Which was what Hilda was thinking when she stormed into Smith’s lean-to and stared not at him, but the secure box he’d been carrying for days now, wandering and staring about as though he were some uber-macho version of Van Gogh looking for the perfect field-or, in the Sumpfrinne, fetid bog-to paint. “So, have you had a productive afternoon, Captain?”

He stopped his infernal map plottings-his favorite activity these days, after wandering around with his purported secret-weapon-in-a-box-and looked up at her mildly. “Pretty fair. How about you?”

“Well, we had a great day, Captain. Shot up two squads of kzinti that were poking into the village we evacuated yesterday. They came after us, as they always do, and burned down Shindle and Milsic with beamers. Which left the ratcats feeling so wonderfully confident that they charged straight into another L-ambush. Killed about a dozen there.”

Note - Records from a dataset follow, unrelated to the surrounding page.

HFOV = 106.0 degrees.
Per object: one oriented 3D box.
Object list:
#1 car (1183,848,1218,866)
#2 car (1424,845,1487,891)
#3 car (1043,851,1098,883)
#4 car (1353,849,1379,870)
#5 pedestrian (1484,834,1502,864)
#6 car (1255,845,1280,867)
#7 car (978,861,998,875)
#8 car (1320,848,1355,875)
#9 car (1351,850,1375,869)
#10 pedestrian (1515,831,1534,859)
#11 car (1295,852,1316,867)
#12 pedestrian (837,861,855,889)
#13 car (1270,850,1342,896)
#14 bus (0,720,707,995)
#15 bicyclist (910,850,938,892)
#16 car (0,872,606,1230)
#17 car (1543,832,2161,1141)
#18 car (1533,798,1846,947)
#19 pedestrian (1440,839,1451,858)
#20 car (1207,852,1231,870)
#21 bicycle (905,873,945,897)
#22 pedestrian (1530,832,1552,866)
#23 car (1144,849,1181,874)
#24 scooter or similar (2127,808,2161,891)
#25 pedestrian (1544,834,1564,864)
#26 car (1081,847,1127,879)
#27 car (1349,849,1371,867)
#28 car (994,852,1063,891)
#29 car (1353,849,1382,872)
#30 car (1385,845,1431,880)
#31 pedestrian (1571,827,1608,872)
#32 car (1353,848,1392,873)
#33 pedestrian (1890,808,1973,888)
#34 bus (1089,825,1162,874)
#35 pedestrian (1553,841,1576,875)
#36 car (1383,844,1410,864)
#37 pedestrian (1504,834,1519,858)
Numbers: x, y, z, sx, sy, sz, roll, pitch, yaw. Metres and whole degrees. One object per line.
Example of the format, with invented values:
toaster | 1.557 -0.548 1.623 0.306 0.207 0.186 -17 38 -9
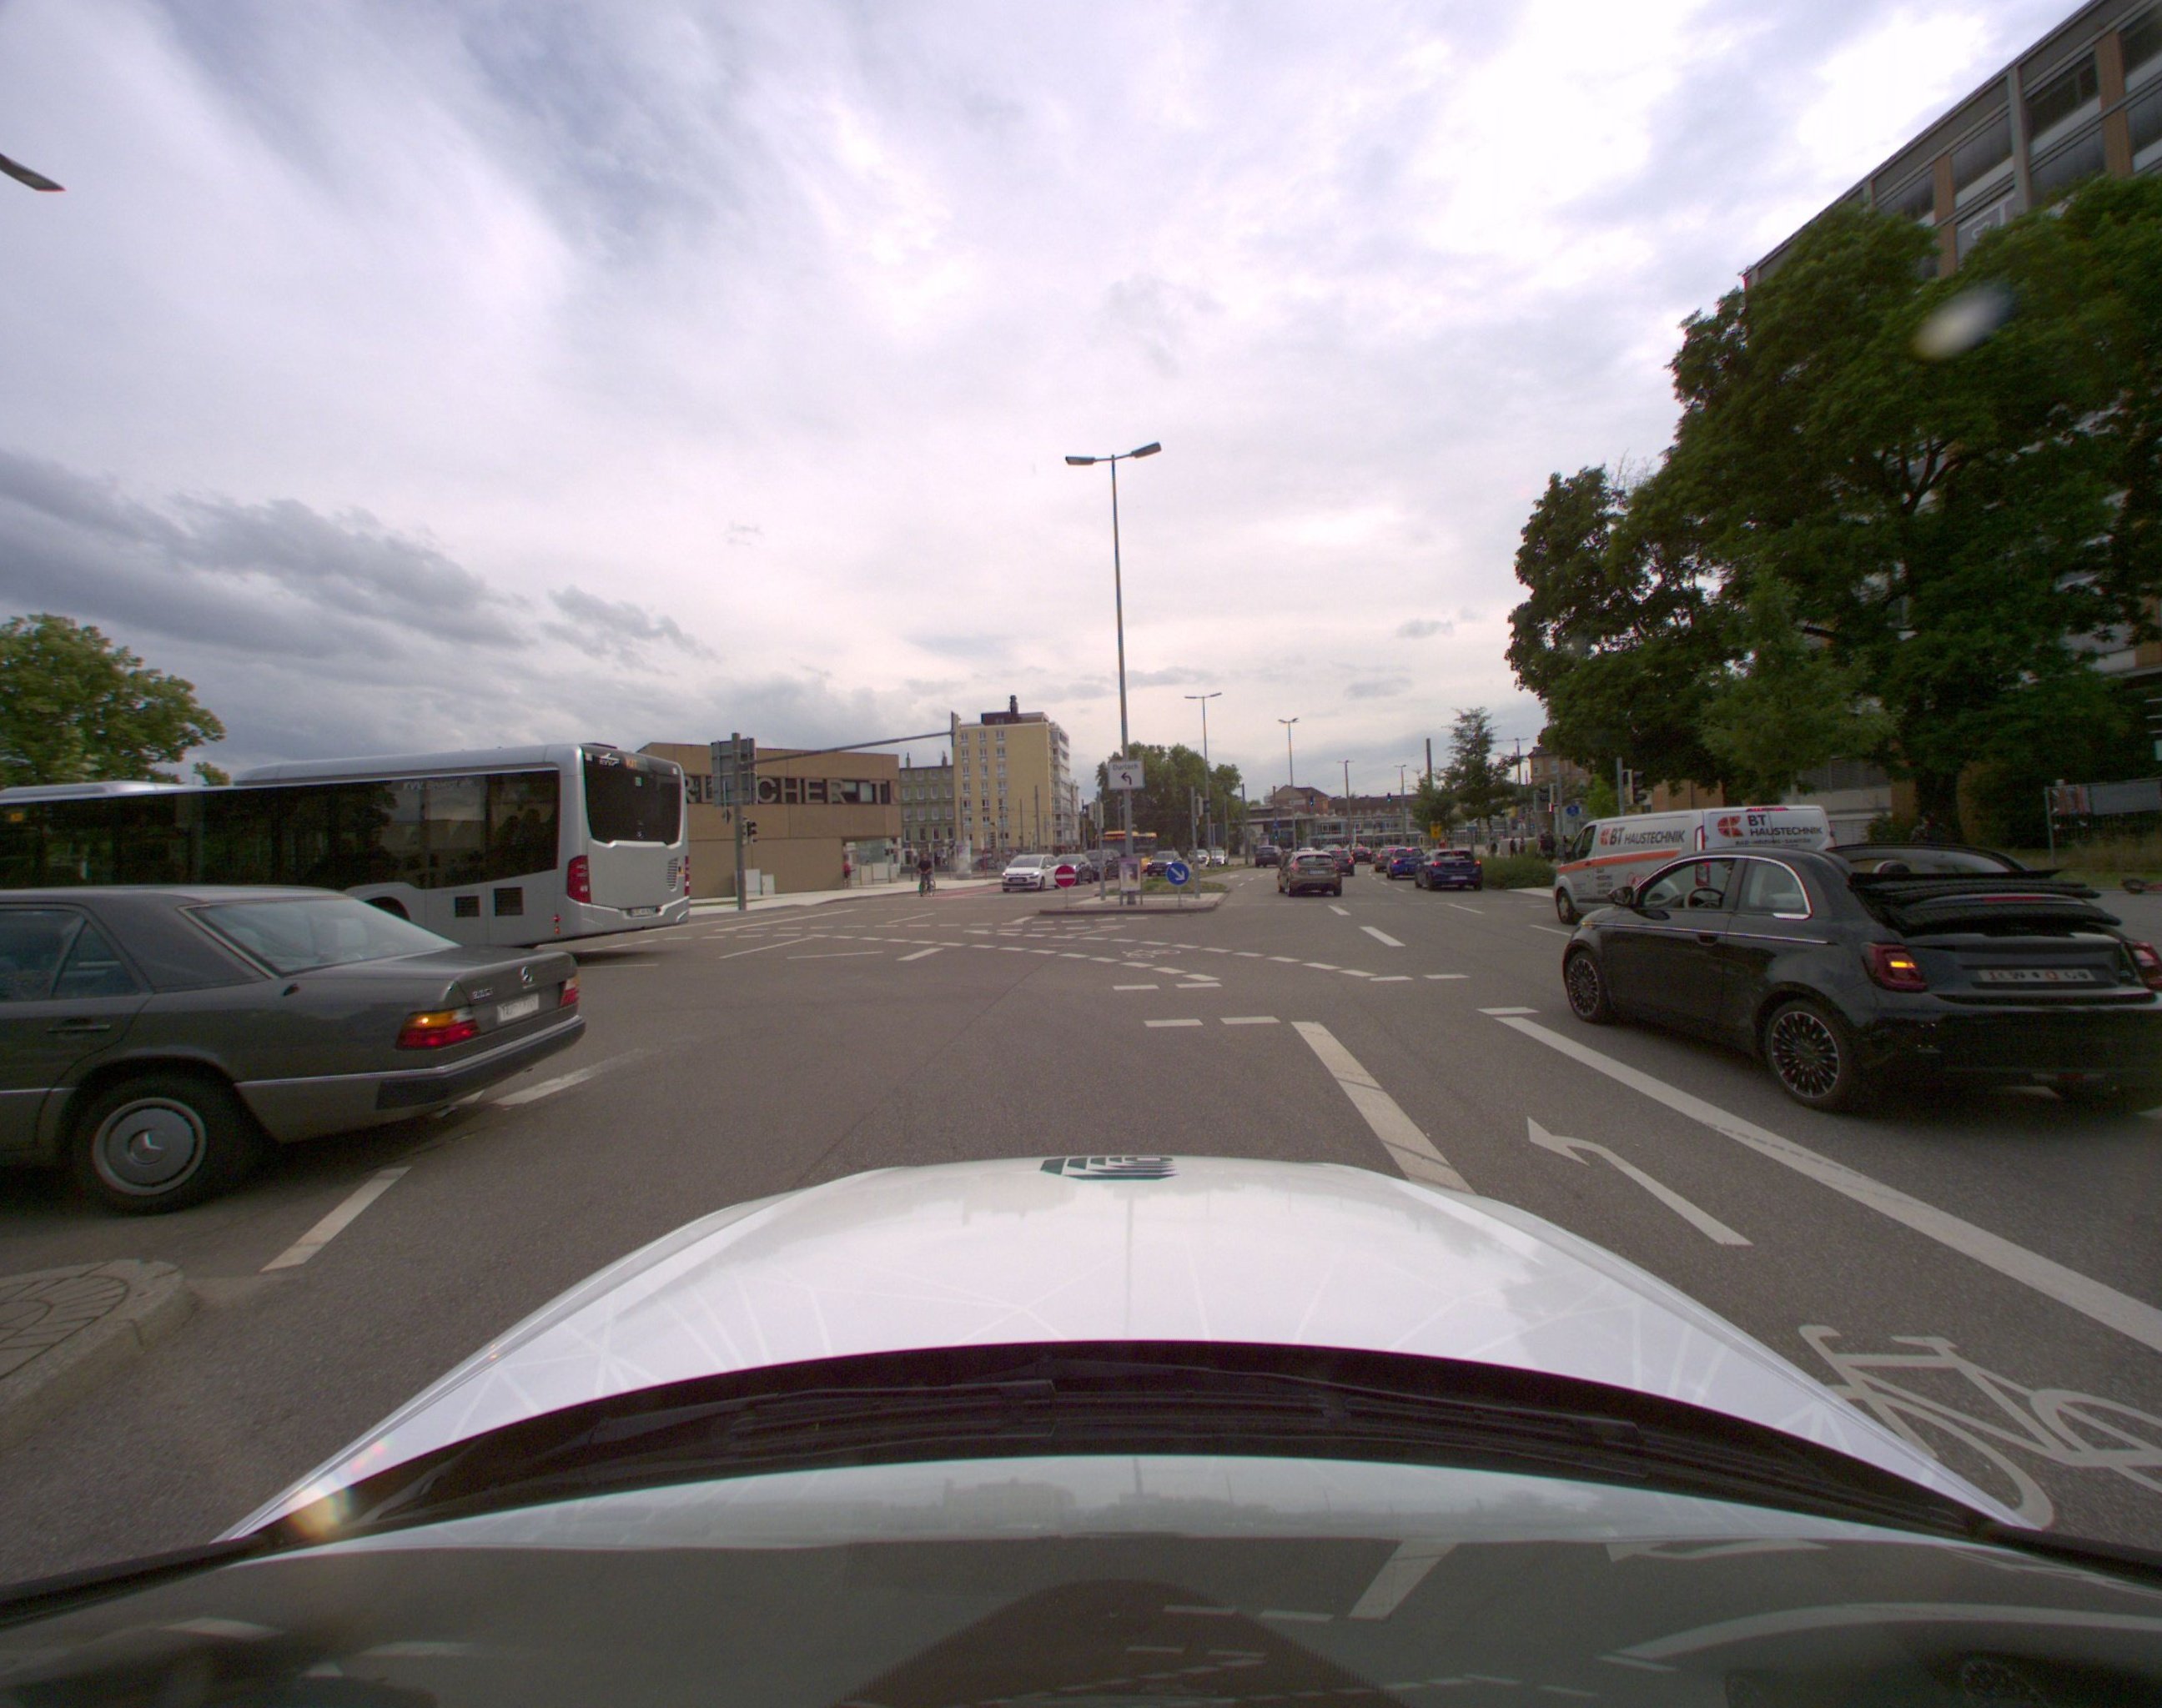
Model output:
car | 14.213 0.360 96.924 2.006 2.014 3.961 0 -1 -30
car | 12.919 0.463 28.280 1.652 1.508 3.652 -1 0 19
car | -0.510 0.706 44.285 1.980 1.651 4.305 -1 0 13
car | 20.429 0.411 58.505 1.697 1.420 4.019 -1 0 19
pedestrian | 22.185 -0.274 43.861 0.771 1.574 0.817 -4 -1 25
car | 14.408 0.165 63.006 1.822 1.615 3.558 -1 0 13
car | -13.722 2.122 120.500 1.982 2.014 4.009 -1 0 8
car | 14.208 0.391 45.002 1.697 1.420 4.019 -1 0 19
car | 22.121 0.428 63.881 1.697 1.420 3.364 -1 0 19
pedestrian | 25.579 -0.520 46.978 0.771 1.574 0.817 -4 -1 25
car | 21.328 0.518 77.266 1.697 1.420 4.019 -1 0 19
pedestrian | -14.727 1.322 50.947 0.815 1.733 0.772 -3 -1 -33
car | 7.366 0.590 26.973 1.687 1.405 3.705 -1 0 5
bus | -13.616 0.298 13.701 14.049 3.438 2.721 -4 -1 10
bicyclist | -6.416 0.695 33.334 0.862 1.669 0.883 -1 -1 8
car | -5.232 0.875 4.269 4.395 1.480 1.697 -1 0 -6
car | 4.932 0.657 5.689 1.658 1.489 3.445 -1 0 5
car | 9.492 0.259 13.393 1.809 1.959 5.216 -1 0 8
pedestrian | 31.728 -0.460 70.908 0.771 1.574 0.817 -4 -1 25
car | 13.249 0.621 78.005 1.980 1.651 4.528 -1 0 13
bicycle | -6.384 1.258 33.474 0.857 0.876 2.525 -1 0 8
pedestrian | 21.990 -0.255 38.969 0.771 1.574 0.817 -4 -1 25
car | 5.666 0.483 56.162 1.980 1.651 4.528 -1 0 13
scooter or similar | 18.035 -0.080 13.279 0.398 1.370 1.143 0 -1 -11
pedestrian | 25.271 -0.273 43.550 0.771 1.574 0.817 -4 -1 25
car | 1.462 0.531 50.116 1.980 1.898 4.305 -1 0 13
car | 23.379 0.356 68.274 1.697 1.420 4.019 -1 0 19
car | -2.302 0.770 37.121 1.980 1.651 4.305 -1 0 13
car | 18.738 0.396 53.273 1.697 1.420 4.019 -1 0 19
car | 15.431 0.395 38.578 1.842 1.533 4.022 -1 0 19
pedestrian | 19.362 -0.166 31.011 0.775 1.711 1.028 -1 -1 2
car | 17.515 0.382 49.031 2.115 1.420 3.718 -1 0 19
pedestrian | 17.688 -0.120 16.948 0.775 1.574 0.812 -4 -1 2
bus | 3.597 -0.273 61.040 3.125 3.255 12.461 -1 0 14
pedestrian | 23.162 0.200 39.047 0.771 1.574 0.817 -4 -1 25
car | 22.746 -0.007 58.830 1.690 1.420 3.718 -1 0 19
pedestrian | 28.319 -0.532 53.561 0.771 1.574 0.817 -4 -1 25
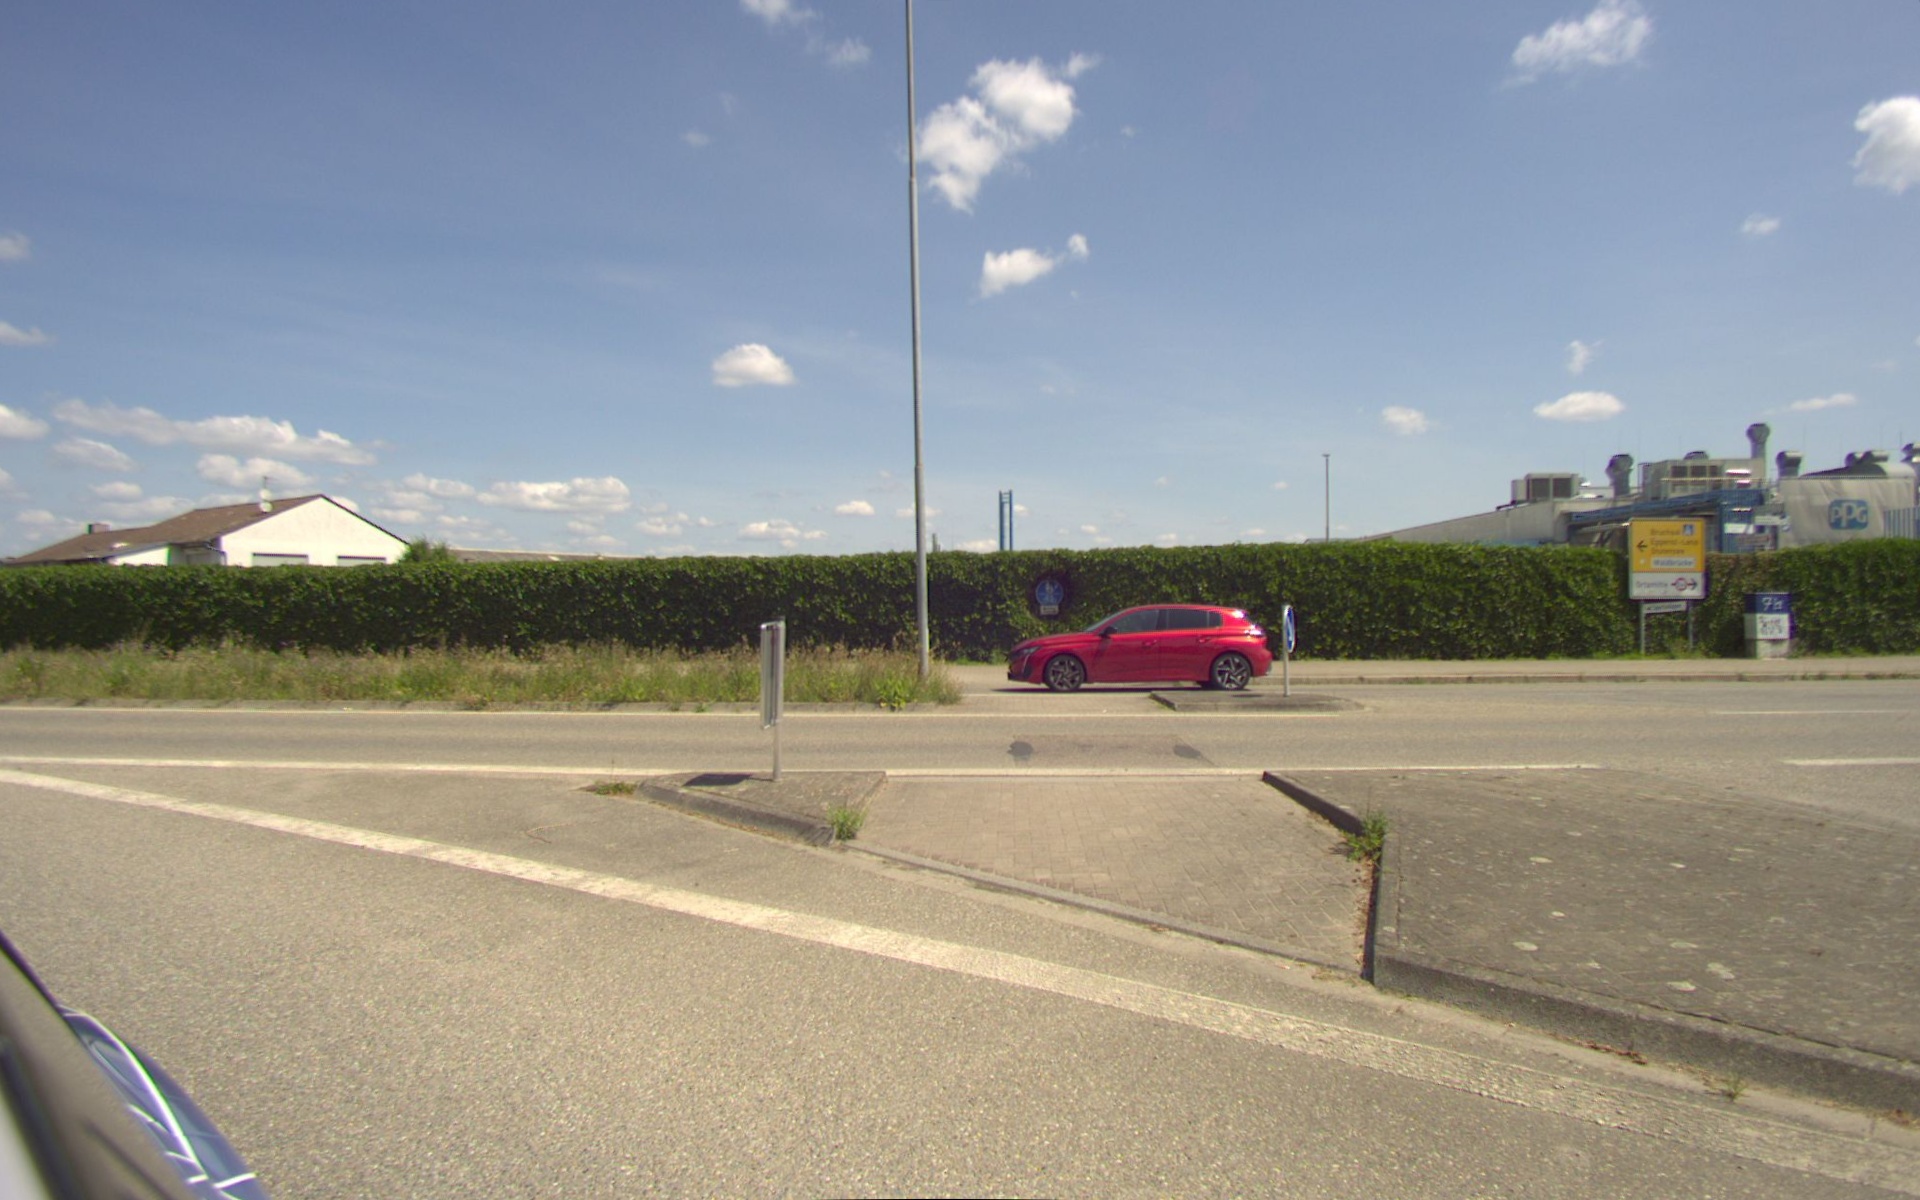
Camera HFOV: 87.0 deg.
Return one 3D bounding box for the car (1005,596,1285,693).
[{"bbox_3d":[2.935,0.729,16.879,4.328,1.475,1.884,-1,-2,3],"label":"car"}]

Smith had an almost dreamy look on his face. “That never gets old, does it?”

“I can’t see how you’d know, sir, since you haven’t been on a single god-damned op since the second day we got the ’Runners organized. But if it matters to you, the last of the kzinti came after us, straight into the firing lanes of our hidden rearguard’s elephant guns.” She threw her empty canteen down and realized she stank. Just like the whole Sumpfrinne stank. And she resented Smith for stinking less-a lot less-than she did. “All told, we got a whole section of them today. No thanks to you, Captain.”

His right eyebrow arched. He had never made himself the official CO: Mads and Papa Sumpfrunner would probably have bristled at that. But the de facto reality was that he was in charge. He never gave orders: he simply pointed out what needed to be done, maybe put in a word or two on how best to do it, and faded away, resuming his love affair with his goddamned secure box. “Well, it seems like you don’t really need me out there,” he said. “You folks are doing a fine job all by yourselves.”